Le vicomte de la Villemarqué propose de rapprocher le mot de la racine celtique "eg" qui signifie "germe" mais il est plus plausible d'y voir le suffixe celtique "he" (vieux breton "ho-", gaulois "su-, sanscrit "sv-") qui désigne un sens favorable, la faveur des dieux, et une racine "cin" (gallois "cen" d'où "cenedl" i.e. "clan, lignée" et cornique "kinethel"c'est-à-dire "génération") issu du gaulois "icnos" (latin "gnatus") qui signifie "descendance". Ainsi, souhaiter l'aguillaneuf ou hogmanay, c'est former un vœu de bonne descendance, de prospérité. Le nom même renvoie directement à la divinité irlandaise Oengus.
Coutumes
Coutume nationale
Il y a de nombreuses coutumes, nationales comme locales, associées avec Hogmanay. La coutume nationale la plus courante est la pratique du first-footing, prenant place immédiatement après minuit. Ceci consiste à être la première personne à franchir le pas de la porte d'un ami ou voisin, et fait souvent intervenir le don d'un cadeau symbolique comme du sel (moins courant actuellement), du charbon, un shortbread, un whisky, ou un petit pain noir (un gâteau riche avec des fruits)[2]. Ce don vise à apporter différents types de chance au propriétaire de la maison. De la nourriture et des boissons, comme les cadeaux, sont alors donnés aux invités. Ceci peut se dérouler jusqu'aux petites heures du matin et prendre une certaine partie du jour suivant ; la tendance actuelle voit les gens visiter les maisons jusqu'au . Le first-foot est supposé apporter de la chance pour le reste de l'année.
Coutumes locales
Différentes zones d'Écosse ont souvent développé leur propre rituel pour Hogmanay. Un exemple de coutume locale à Stonehaven, au nord-est, consiste à faire tournoyer un bâton dont les deux extrémités ont des boules en feu[3]. Ces boules sont d'un diamètre allant jusqu'à 61 cm et sont confectionnées par les habitants avec deux mètres de grillage (chaîne ou une corde ininflammable) rempli de vieux journaux, des brindilles sèches, des vieux chiffons en coton, et autre contenu sec inflammable. Lorsque la cloche de la Old Town House sonne le nouvel an, des habitants s'élancent sur High Street depuis la place du marché, faisant tournoyer les boules en feu autour de leurs têtes alors qu'ils vont et viennent autant de fois qu'ils le peuvent et que la boule dure. À la fin de la cérémonie, toutes les boules qui brûlent toujours sont jetées dans le port. Cette cérémonie appréciée est plus impressionnante dans le noir qu'elle ne le serait durant la journée. Elle draine de grandes foules, avec 12 000 personnes par exemple pour la fête marquant la transition de 2007 à 2008. Dans la seconde moitié des années 2000, des attractions furent ajoutées pour divertir la foule attendant minuit, tels que des danses avec le feu, un pipe band, des tambours de roi et un feu d'artifice après que la dernière boule eût été lancée dans le port. Les festivités sont retransmises par l'Internet[3]. Un second exemple de festival du feu païen consiste à faire brûler un tonneau rempli de goudron et de bois ; il continue, chaque , dans le village de Burghead en Moray[2].

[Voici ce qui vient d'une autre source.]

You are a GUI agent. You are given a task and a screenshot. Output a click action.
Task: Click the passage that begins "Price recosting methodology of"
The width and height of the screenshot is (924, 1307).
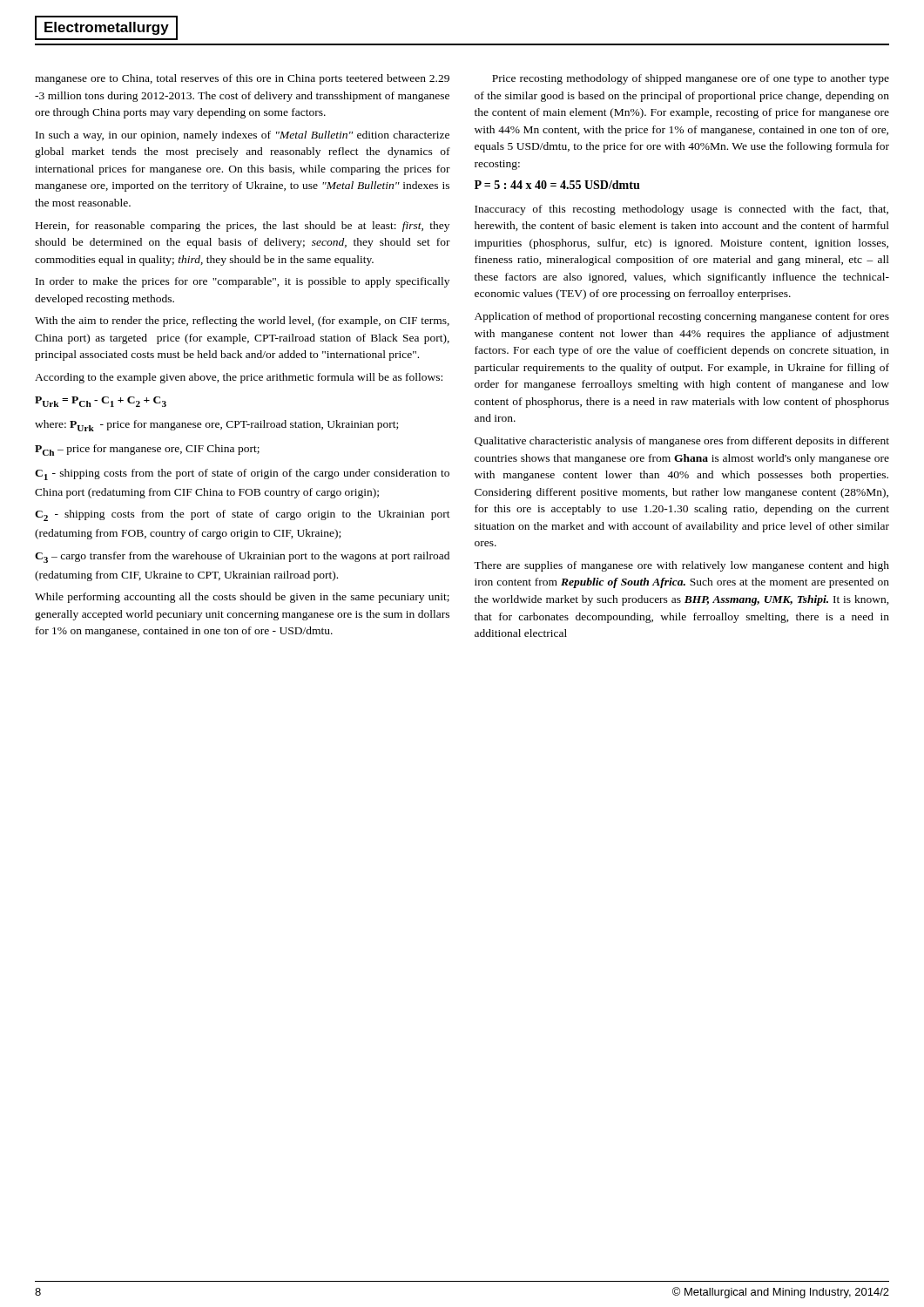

Dans les communautés de pêcheurs de la côte est et à Dundee, ceux effectuant les visites du nouvel an avaient l'habitude de porter un hareng décoré, et la coutume établie depuis les années 1970 est maintenant de se baigner dans la rivière glacée à Broughty Ferry[4]. Dans le village de Falkland de la région de Fife, les habitants allaient en procession à la torche jusqu'à la cime des collines de Lomond lorsque minuit venait. Les boulangers de Saint Andrews confectionnaient des gâteaux spéciaux pour la célébration de Hogmanay, connu comme cake day (« le jour du gâteau »), et les distribuaient aux enfants. À Glasgow et dans les zones centrales de l'Écosse, la tradition des fêtes de Hogmanay comprend du chant, des danses, un repas avec une tarte à la viande ou un ragoût ; des histoires sont racontées et des quantités copieuses d'alcool consommées jusqu'aux lueurs du jour le 1er janvier. Les organismes officiels ont également leurs traditions. Par exemple, dans les régiments écossais, les officiers devaient servir les hommes à des dîners particuliers. La cornemuse jouait Old Year devant les portes des casernes, et le sentinelle demandait alors « qui va là ? » pour s'entendre répondre « le nouvel an, tout va bien ».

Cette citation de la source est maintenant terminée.